12 Scientific ‘neutrality’ For Marcuse, the present course of science lies with its self-understanding: as a ‘neutral’, or ‘objective’, engagement with ‘nature’. Such understanding leads to further domination of man and of nature, where “life itself has become merely a means of living” (125). Marcuse rejects that science/technology is ‘neutral’: Science is not an abstract enterprise—it reflects “a way of existing between man and nature” (123). Science has a ‘trajectory’.

13 What price neutrality? The question that Marcuse poses is: what price did we pay when science is understood as a “logical system of propositions”? Traditionally, technology had an end, a telos: to satisfy man’s basic needs, to “release man from labour and anxiety, as a way to pacify the struggle for existence” (124). But now ‘man’ appears as a variable in an equation governed by efficiency.

14 What price neutrality? What remains in this view of science/technology is a double domination: the technological domination or control of nature, and the domination or control of man insofar as man is part of nature. How is man dominated by science/technology? “Universal administration of society” (120).

15 Technology and subjugation Marcuse: “all progress … is accompanied by a progressive repression and a productive destruction” (125). This path is driven by a particular understanding of science/technology: “pure instrumentality deprived of its ultimate purpose has become a universal means of domination. … Technology itself perpetuates misery, violence and destruction” (124).

16 Technology and subjugation So called progress brings about even further subjugation. Individuals in contemporary industrial societies are required to turn away from “satisfaction and rest” (125) as their instincts tell them: “The human organism ceases to exist as an instrument of satisfaction … instead it has become an instrument of work and renunciation” (ibid). Civilization becomes just “man’s subjugation to work” (ibid.).

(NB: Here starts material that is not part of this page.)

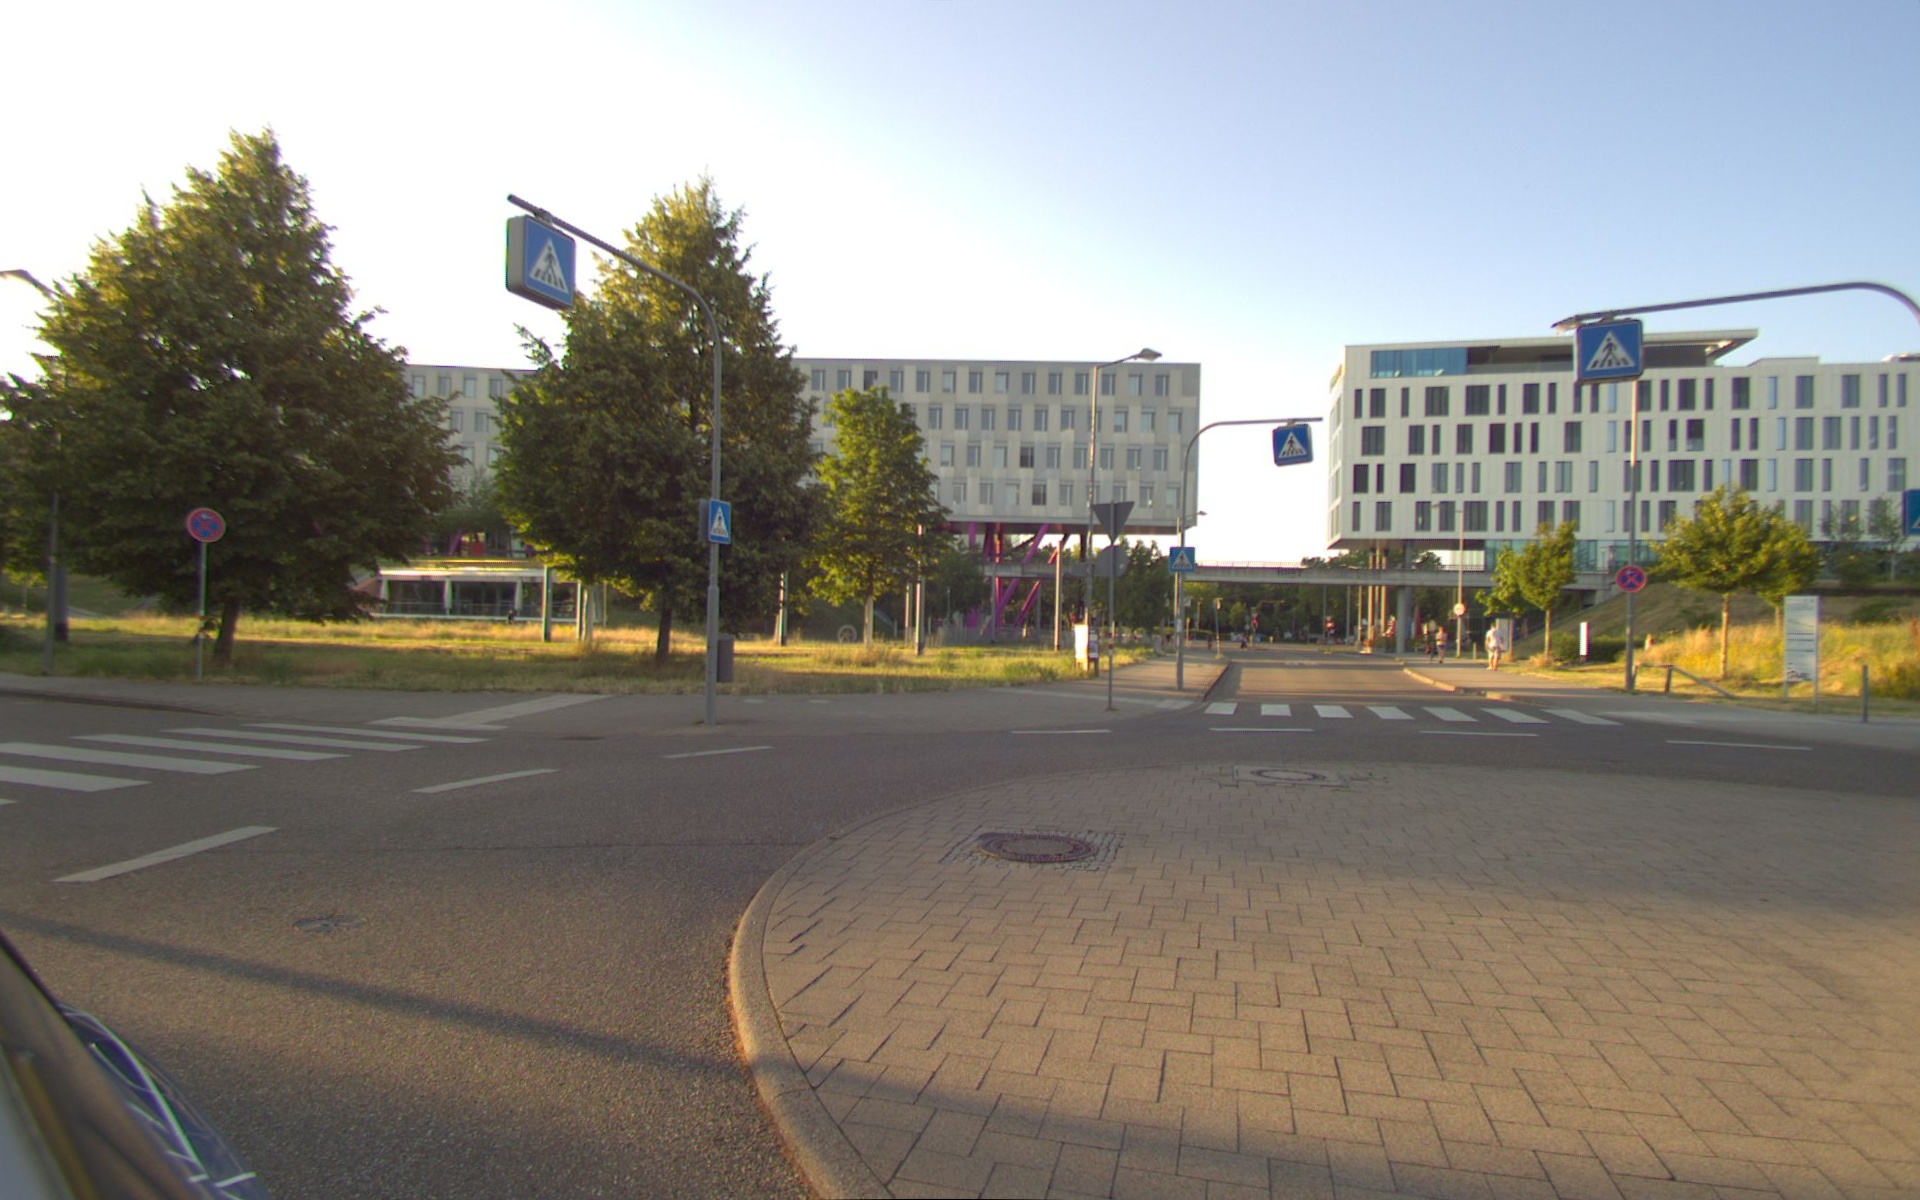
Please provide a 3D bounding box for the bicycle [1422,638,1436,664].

17 Marcuse: “a new reality principle” Yet, “there is a control over man [and nature] which is repressive, and there is a control over man [and nature] that is liberating” (127). How so? Marcuse hints at a “new reality principle” (126). He acknowledges that all societal forms require individual to labour and some form of ‘repression’ on those individuals (ibid.)—imagine a society in which every individual is free express his/her desires and passions.

18 Marcuse: “a new reality principle” But once we recognize the end of technology, then the need to labour can be eased, if not abolished. Life is not “merely a means for living” (125). What does that mean? Instead of struggling for existence, existence can be enjoyed (126). This makes possible “an upheaval in the order of instincts and needs (ibid.), which will have consequences for the need to treat it merely as an instrument for production.